My lovely sister and I went to the movies on my “mommy break” the other night – saw Girl on the Train. First off, I super like Emily Blunt. She made the movie work. I won’t give away the movie, you can keep reading, I promise, but it brought to light the many things I’ve gleaned from the movies… and why I’d stay alive. Read on. It could save your life someday.
Don’t argue in the woods alone.
Even with someone you know. This applies to all random deserted places you’ll inevitably end up. Just zip your lip. Why threaten a crazy, angry person? To what end? Death. That’s what end. Not me.
Don’t threaten the one holding a weapon.
Do what you’re told. Obedience is very disarming. (Sidebar: Unless in a crowded area, then scream. Do not just calmly walk into a dark van on a crowded street) All the while, keep your eye out for your own weapon, it can be anything. As I learned from The Rock (aka Dwayne Johnson), even a banana can save your life.
Don’t slowly inch your fingers to the knife, just grab it and crouch. It’ll be good aim from that point. Sorry fellas.
Don’t listen to the monolog in horror when they aren’t-even-looking-at-you.

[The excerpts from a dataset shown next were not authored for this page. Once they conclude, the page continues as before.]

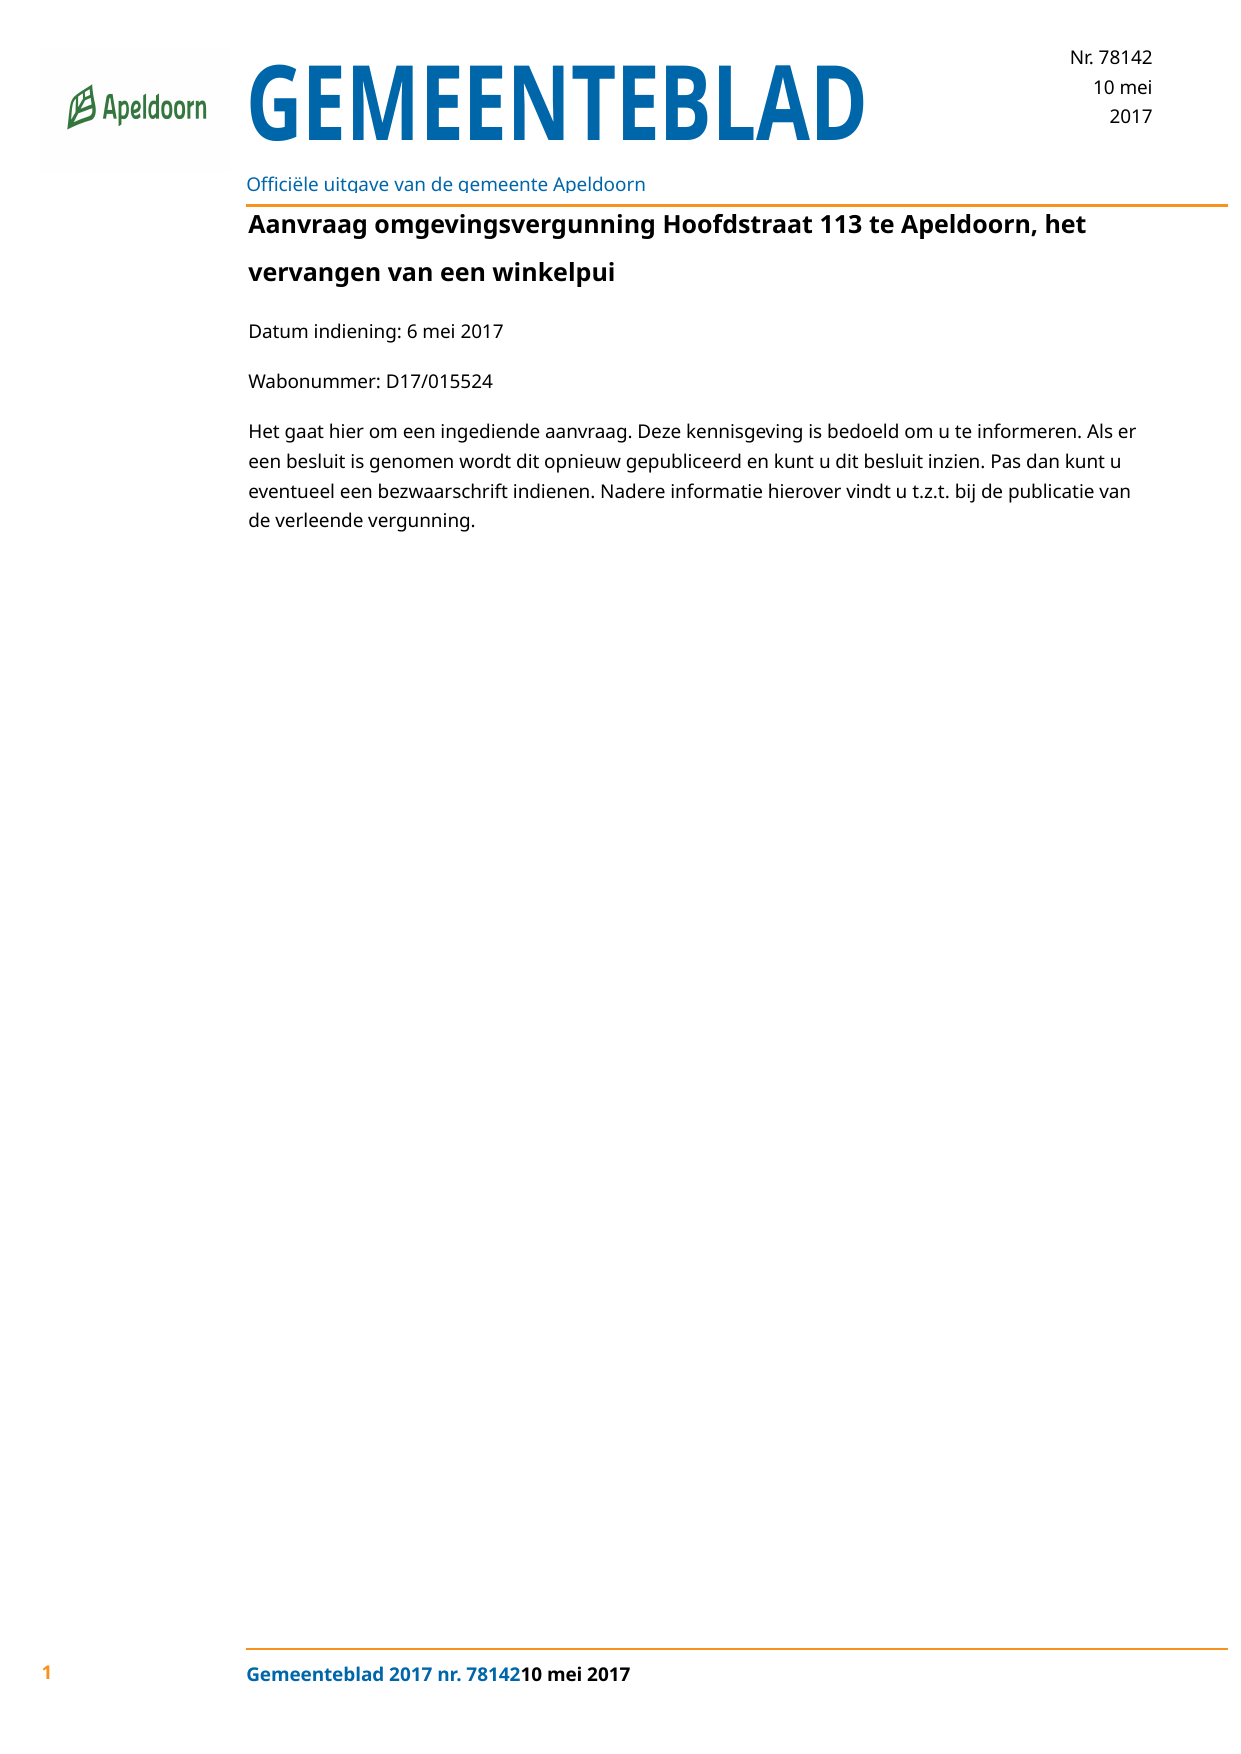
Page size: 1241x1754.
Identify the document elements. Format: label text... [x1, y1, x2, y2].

text Het gaat hier om een ingediende aanvraag. Deze kennisgeving is bedoeld om u te informeren. Als er een besluit is genomen wordt dit opnieuw gepubliceerd en kunt u dit besluit inzien. Pas dan kunt u eventueel een bezwaarschrift indienen. Nadere informatie hierover vindt u t.z.t. bij de publicatie van de verleende vergunning. [248, 419, 1152, 533]
text Aanvraag omgevingsvergunning Hoofdstraat 113 te Apeldoorn, het vervangen van een winkelpui [248, 207, 1152, 288]
text Wabonummer: D17/015524 [248, 368, 1152, 394]
text Datum indiening: 6 mei 2017 [248, 318, 1152, 344]
picture [41, 47, 231, 172]

If they are turned away, monologuing, stinkin’ run. Or better yet, hit them in the back with a chair. Process your shock and horror later. You can live a very long life wondering why. You really can.
Hit more than once
Hitting someone with a couch cushion won’t get you far. Hitting them with a bat still won’t get your far if you stop too soon. “Don’t kick ’em when they’re down” does not apply here.
Get the baby OUT
If you won’t choose wisely for your own self, do it for your baby. P-l-e-a-s-e get your baby away from danger. Does this really need to be said? Move to the door when they aren’t looking, don’t stand and watch. Even from a force unseen. Baby climbing an invisible wall is not to be watched in horror, even when they are giggling. Move. Your. Baby.
Don’t run upstairs.
Get out! Get out! Get out! Tip: If you live in the woods, do not run aimlessly around, tripping over logs and hitting your head on a rock making you an easy catch.
Lock your doors the second you get in your car
Don’t fish for your keys, don’t search Pinterest on your phone, don’t reapply your lipstick with one foot out of the door. Get in, shut the door, lock it and drive, ladies.

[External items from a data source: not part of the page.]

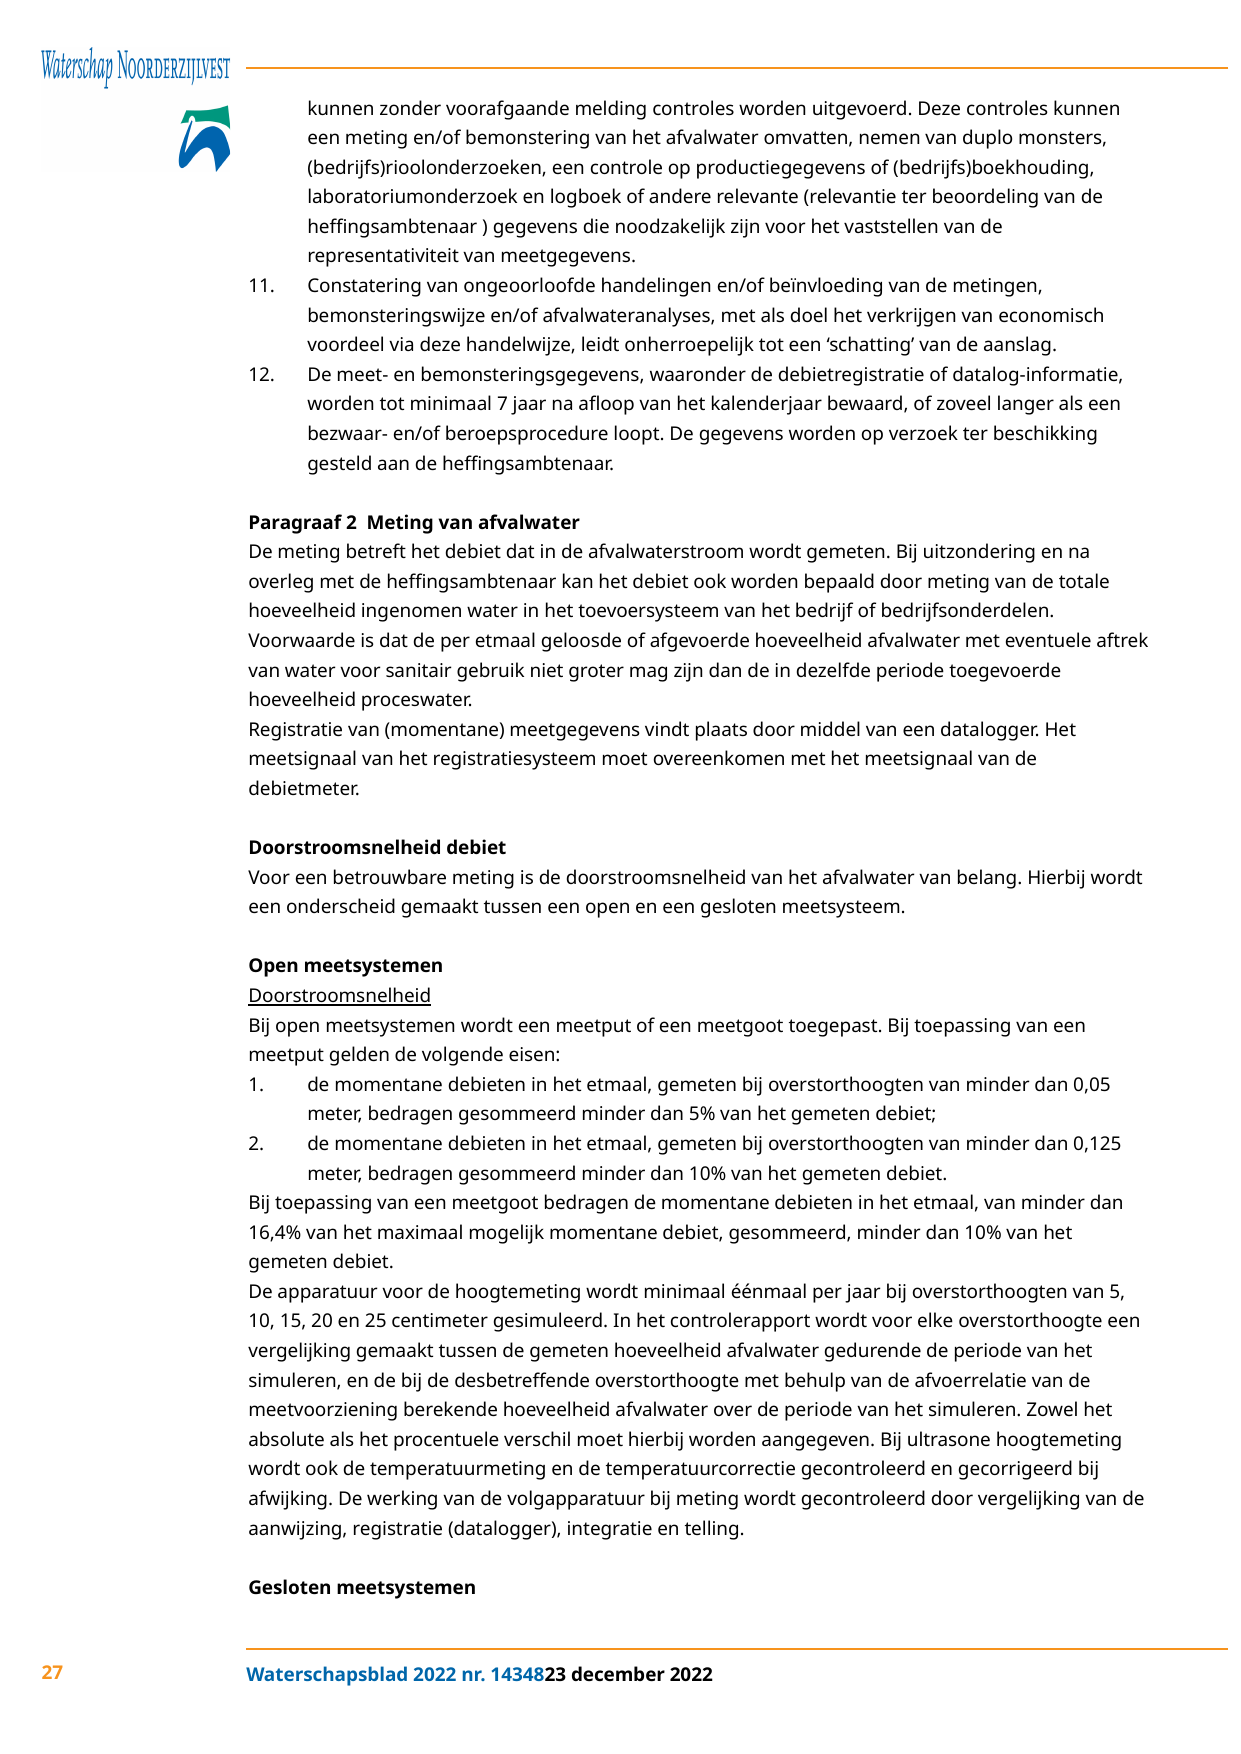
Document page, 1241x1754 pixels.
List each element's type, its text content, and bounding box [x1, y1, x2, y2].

text De meting betreft het debiet dat in de afvalwaterstroom wordt gemeten. Bij uitzondering en na overleg met de heffingsambtenaar kan het debiet ook worden bepaald door meting van de totale hoeveelheid ingenomen water in het toevoersysteem van het bedrijf of bedrijfsonderdelen. Voorwaarde is dat de per etmaal geloosde of afgevoerde hoeveelheid afvalwater met eventuele aftrek van water voor sanitair gebruik niet groter mag zijn dan de in dezelfde periode toegevoerde hoeveelheid proceswater. [248, 538, 1152, 712]
text Paragraaf 2 Meting van afvalwater [248, 509, 1152, 535]
list kunnen zonder voorafgaande melding controles worden uitgevoerd. Deze controles kunnen een meting en/of bemonstering van het afvalwater omvatten, nemen van duplo monsters, (bedrijfs)rioolonderzoeken, een controle op productiegegevens of (bedrijfs)boekhouding, laboratoriumonderzoek en logboek of andere relevante (relevantie ter beoordeling van de heffingsambtenaar ) gegevens die noodzakelijk zijn voor het vaststellen van de representativiteit van meetgegevens. [248, 95, 1152, 268]
text Doorstroomsnelheid debiet [248, 834, 1152, 860]
list Constatering van ongeoorloofde handelingen en/of beïnvloeding van de metingen, bemonsteringswijze en/of afvalwateranalyses, met als doel het verkrijgen van economisch voordeel via deze handelwijze, leidt onherroepelijk tot een ‘schatting’ van de aanslag. [248, 272, 1152, 357]
text Bij toepassing van een meetgoot bedragen de momentane debieten in het etmaal, van minder dan 16,4% van het maximaal mogelijk momentane debiet, gesommeerd, minder dan 10% van het gemeten debiet. [248, 1189, 1152, 1274]
text Gesloten meetsystemen [248, 1574, 1152, 1600]
picture [41, 47, 231, 172]
list de momentane debieten in het etmaal, gemeten bij overstorthoogten van minder dan 0,125 meter, bedragen gesommeerd minder dan 10% van het gemeten debiet. [248, 1130, 1152, 1186]
text Voor een betrouwbare meting is de doorstroomsnelheid van het afvalwater van belang. Hierbij wordt een onderscheid gemaakt tussen een open en een gesloten meetsysteem. [248, 864, 1152, 919]
text De apparatuur voor de hoogtemeting wordt minimaal éénmaal per jaar bij overstorthoogten van 5, 10, 15, 20 en 25 centimeter gesimuleerd. In het controlerapport wordt voor elke overstorthoogte een vergelijking gemaakt tussen de gemeten hoeveelheid afvalwater gedurende de periode van het simuleren, en de bij de desbetreffende overstorthoogte met behulp van de afvoerrelatie van de meetvoorziening berekende hoeveelheid afvalwater over de periode van het simuleren. Zowel het absolute als het procentuele verschil moet hierbij worden aangegeven. Bij ultrasone hoogtemeting wordt ook de temperatuurmeting en de temperatuurcorrectie gecontroleerd en gecorrigeerd bij afwijking. De werking van de volgapparatuur bij meting wordt gecontroleerd door vergelijking van de aanwijzing, registratie (datalogger), integratie en telling. [248, 1278, 1152, 1541]
text Registratie van (momentane) meetgegevens vindt plaats door middel van een datalogger. Het meetsignaal van het registratiesysteem moet overeenkomen met het meetsignaal van de debietmeter. [248, 716, 1152, 801]
list De meet- en bemonsteringsgegevens, waaronder de debietregistratie of datalog-informatie, worden tot minimaal 7 jaar na afloop van het kalenderjaar bewaard, of zoveel langer als een bezwaar- en/of beroepsprocedure loopt. De gegevens worden op verzoek ter beschikking gesteld aan de heffingsambtenaar. [248, 361, 1152, 476]
text Doorstroomsnelheid [248, 982, 1152, 1008]
text Open meetsystemen [248, 953, 1152, 978]
list de momentane debieten in het etmaal, gemeten bij overstorthoogten van minder dan 0,05 meter, bedragen gesommeerd minder dan 5% van het gemeten debiet; [248, 1071, 1152, 1126]
text Bij open meetsystemen wordt een meetput of een meetgoot toegepast. Bij toepassing van een meetput gelden de volgende eisen: [248, 1012, 1152, 1067]

Never, under any circumstances, let an alarm guy in when you didn’t know they were coming
This applies to Comcast guys, landscapers, plumbers… I have faith you get the meaning. Not trusting a stranger is not a bad reflection on your relationship with your fiance, husband, wife or roommate- whoever may have made this so-called appointment. This is life and death here. Be sure.
Do not investigate weird sounds in your PJs.
Better yet, don’t investigate weird sounds, late at night, ever.
If you back into something in a parking garage, don’t get out.
Pull forward, check the rear view, and wait. Make sure it’s not a trained dog playing dead.
Don’t travel with a buddy to another country thinking a local weirdo isn’t going to target you.
The same rules apply in Europe that applies here, folks.
Lock you doors
So many bad things can be prevented by locking your front, back and garage doors. Trust me.
Don’t be a secret agent
“They” will come for your family. Even 20 years later when your daughter goes overseas.
No, no you may not use my bathroom
You’re a guy. Use a tree.
Go for the vulnerable areas
Hitting someone on the shoulder won’t save your life. *shaking head*
Never, ever accept large gifts from the cute billionaire
I can hear Dr. Phil now, “Do you want to be right or do you want to be happy?” (aka. alive) Alive, please. I’ll nurse my ego later.
I could go on, but I think I’ve blown your mind. Hopefully in a good way.
Tell me, would YOU survive a thriller?